● **YOUR OBJECTIVE**:
Where the word "bounding" appears in a line below, copy the whole line.

(Extracted data entries)
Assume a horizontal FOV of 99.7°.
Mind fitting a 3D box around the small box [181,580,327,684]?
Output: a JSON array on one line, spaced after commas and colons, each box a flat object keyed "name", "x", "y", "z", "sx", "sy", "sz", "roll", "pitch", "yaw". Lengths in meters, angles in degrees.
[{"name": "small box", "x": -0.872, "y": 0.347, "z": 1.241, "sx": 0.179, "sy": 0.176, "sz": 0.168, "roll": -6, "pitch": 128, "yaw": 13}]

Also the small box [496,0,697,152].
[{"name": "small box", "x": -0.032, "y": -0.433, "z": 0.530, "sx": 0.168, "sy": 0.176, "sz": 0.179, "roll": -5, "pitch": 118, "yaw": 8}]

--

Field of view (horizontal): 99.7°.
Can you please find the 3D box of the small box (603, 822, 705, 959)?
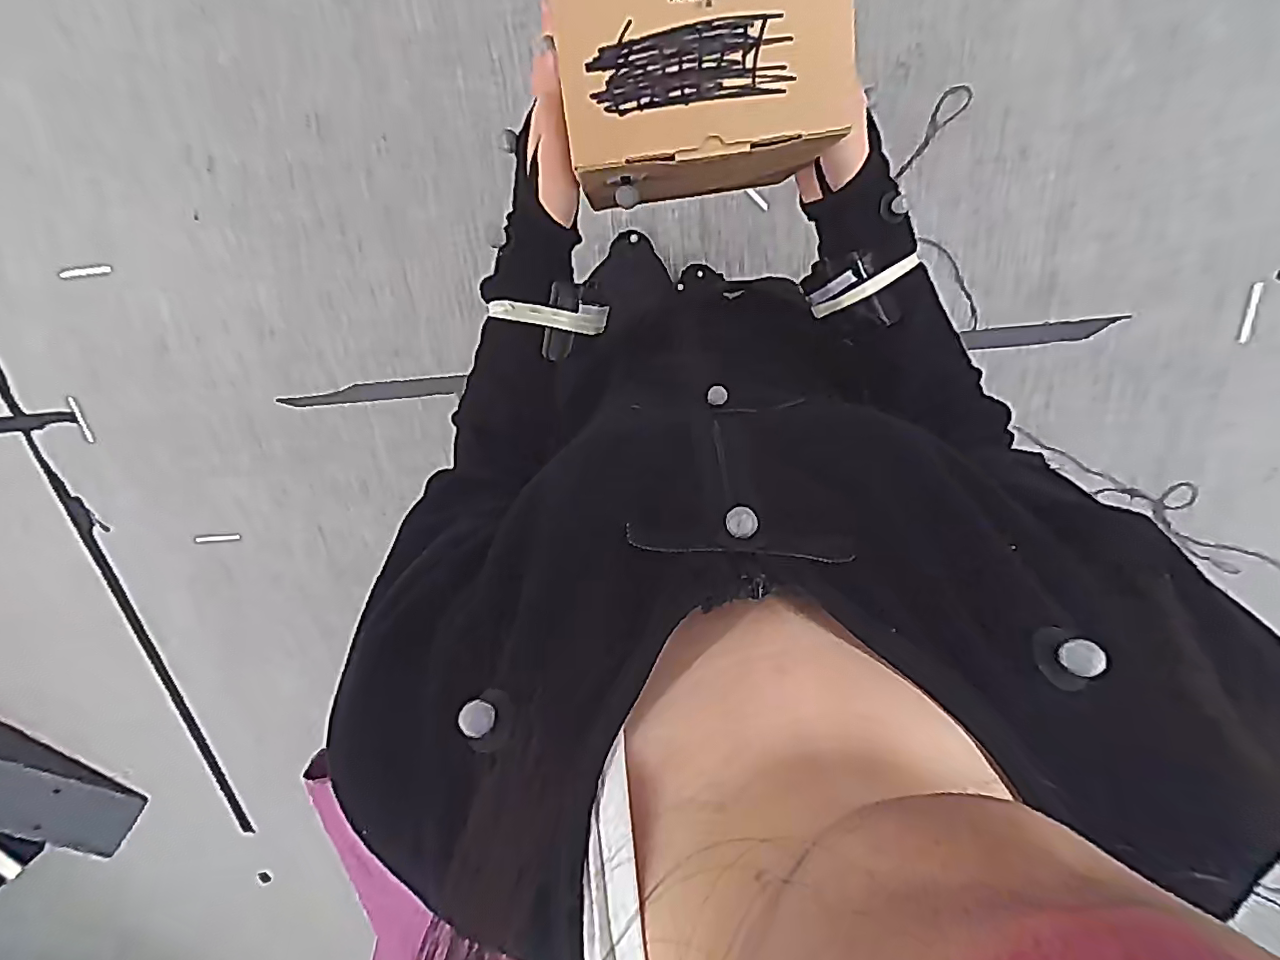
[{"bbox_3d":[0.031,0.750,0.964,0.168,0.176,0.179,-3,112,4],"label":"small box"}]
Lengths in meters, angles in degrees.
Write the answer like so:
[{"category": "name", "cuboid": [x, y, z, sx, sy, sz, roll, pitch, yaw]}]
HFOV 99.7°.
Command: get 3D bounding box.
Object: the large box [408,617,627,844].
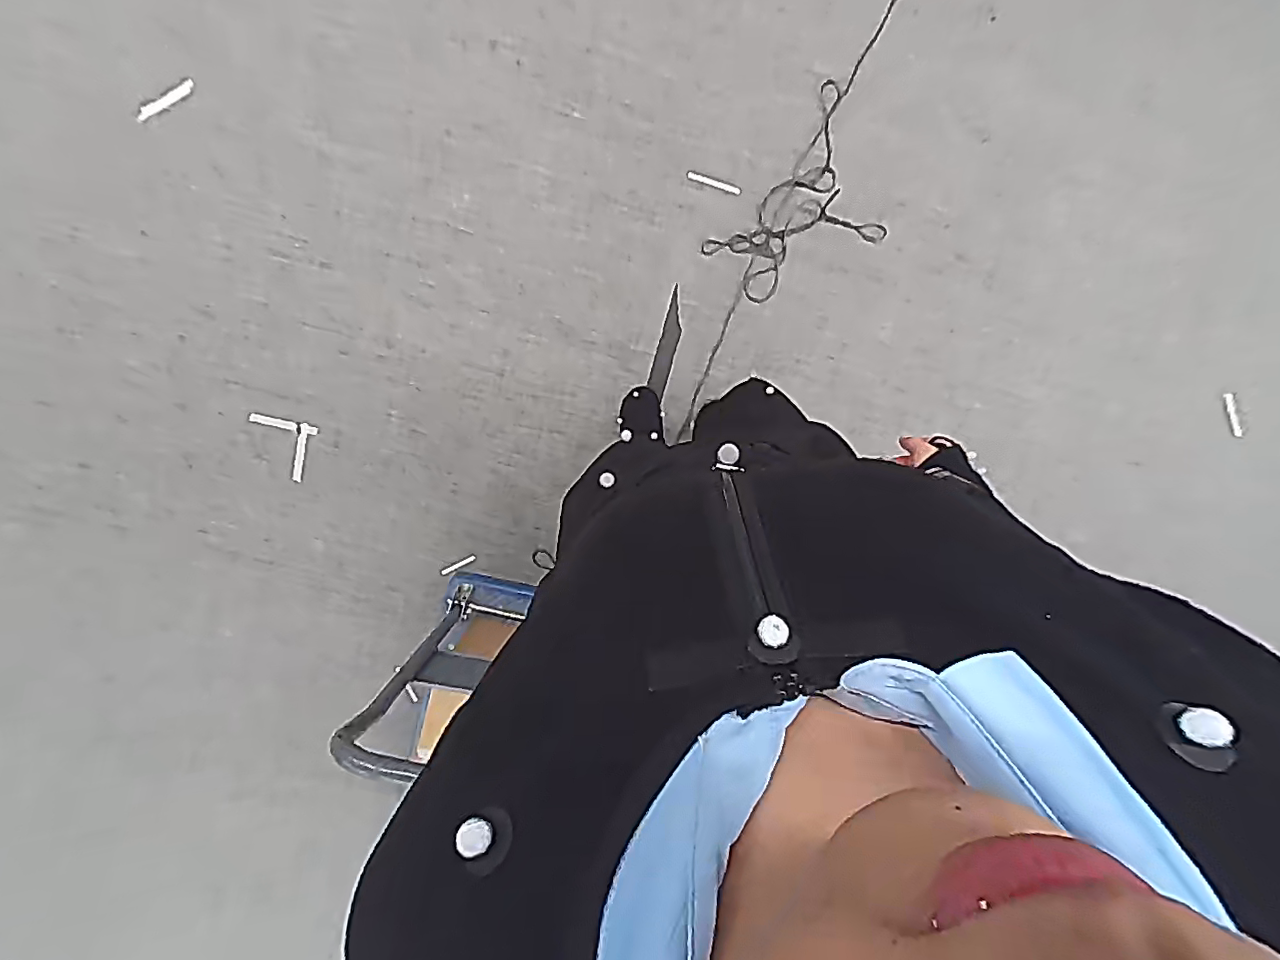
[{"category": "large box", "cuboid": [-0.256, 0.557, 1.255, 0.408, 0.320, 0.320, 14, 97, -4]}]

* * *

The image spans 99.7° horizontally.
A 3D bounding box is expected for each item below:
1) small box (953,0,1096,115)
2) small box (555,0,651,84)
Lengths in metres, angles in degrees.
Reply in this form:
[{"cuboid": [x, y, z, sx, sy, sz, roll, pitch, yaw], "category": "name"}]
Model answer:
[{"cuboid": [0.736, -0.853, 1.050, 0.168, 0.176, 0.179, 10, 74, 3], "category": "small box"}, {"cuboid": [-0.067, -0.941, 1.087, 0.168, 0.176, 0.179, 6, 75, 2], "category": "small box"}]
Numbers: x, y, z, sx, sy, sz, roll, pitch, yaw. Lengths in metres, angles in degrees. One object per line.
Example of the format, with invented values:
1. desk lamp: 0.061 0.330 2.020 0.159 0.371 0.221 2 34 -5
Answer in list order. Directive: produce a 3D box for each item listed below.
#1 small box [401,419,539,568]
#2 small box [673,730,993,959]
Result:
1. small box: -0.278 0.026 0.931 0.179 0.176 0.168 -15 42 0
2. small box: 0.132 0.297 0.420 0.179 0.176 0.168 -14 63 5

● **RESULT BELOW**:
Command: get 3D bounding box.
A 3D bounding box is expected for each item below:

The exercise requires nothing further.